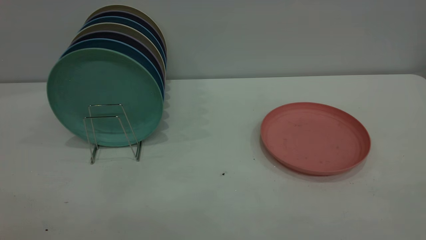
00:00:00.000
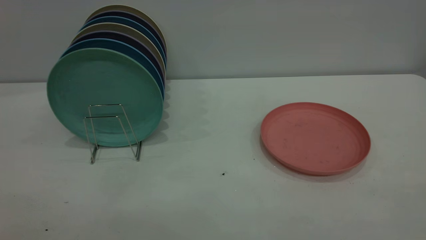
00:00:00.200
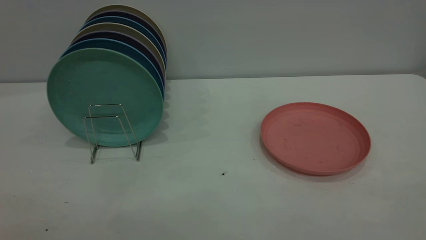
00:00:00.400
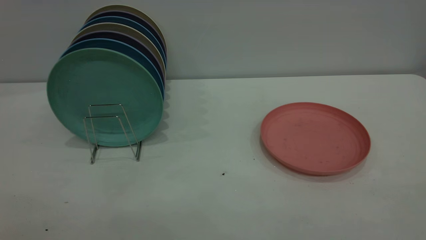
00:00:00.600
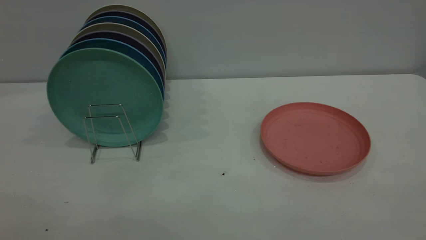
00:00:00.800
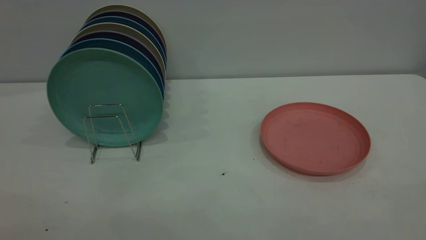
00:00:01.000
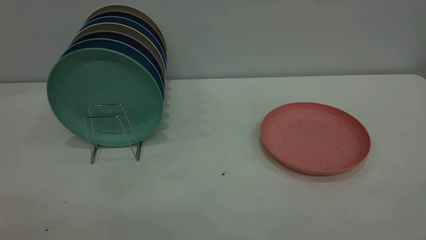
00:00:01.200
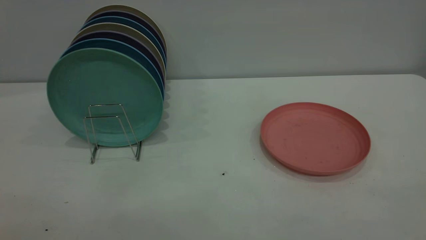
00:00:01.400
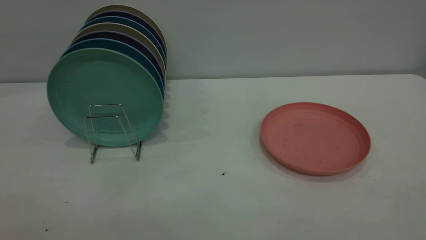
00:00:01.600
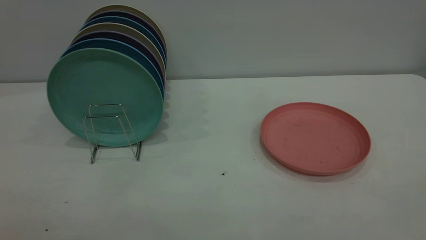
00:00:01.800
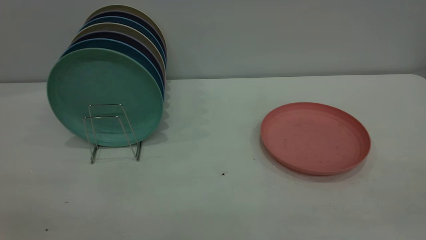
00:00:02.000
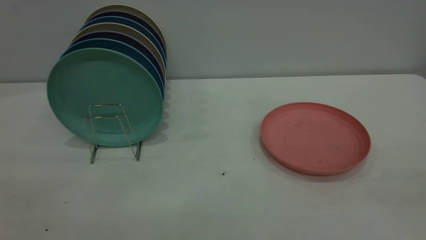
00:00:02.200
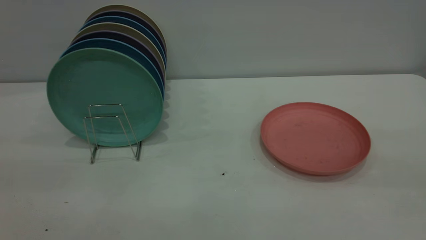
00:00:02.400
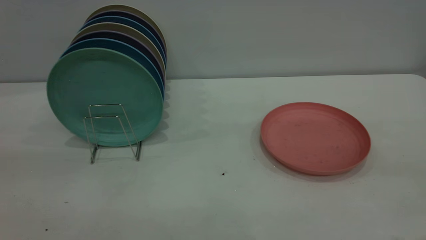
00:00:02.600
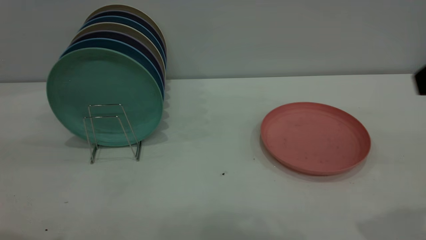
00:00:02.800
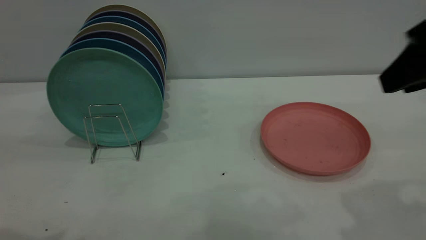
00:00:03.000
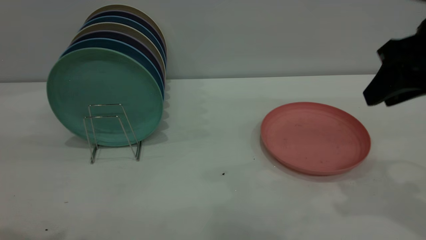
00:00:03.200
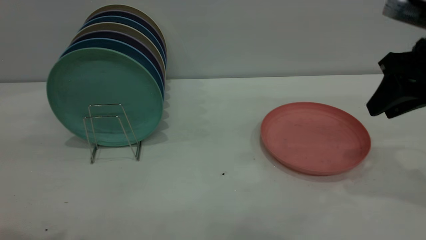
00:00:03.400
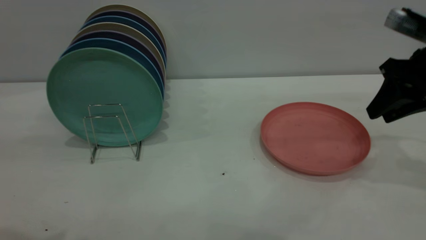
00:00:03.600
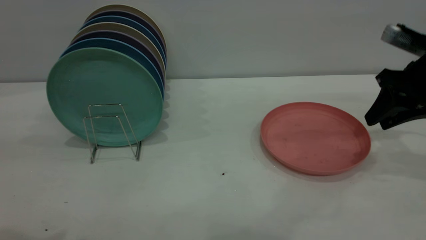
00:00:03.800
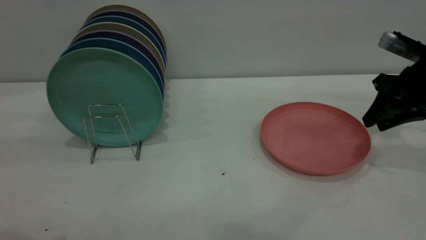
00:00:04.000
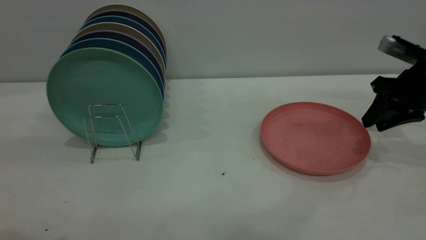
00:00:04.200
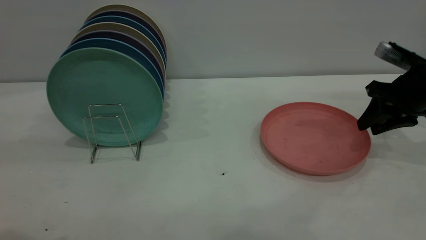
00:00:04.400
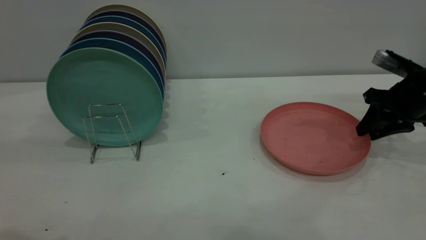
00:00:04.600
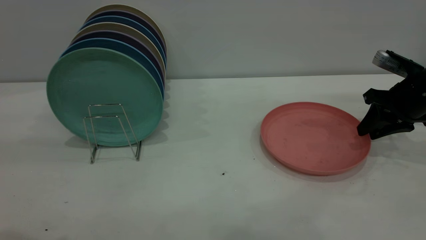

####################

## ABOUT THIS TASK
Find the line that contains "00:00:01.600", then write out that line and every line after it through the end of the records, exactly. Leave the pictures out.

## EXERCISE OUTPUT
00:00:01.600
00:00:01.800
00:00:02.000
00:00:02.200
00:00:02.400
00:00:02.600
00:00:02.800
00:00:03.000
00:00:03.200
00:00:03.400
00:00:03.600
00:00:03.800
00:00:04.000
00:00:04.200
00:00:04.400
00:00:04.600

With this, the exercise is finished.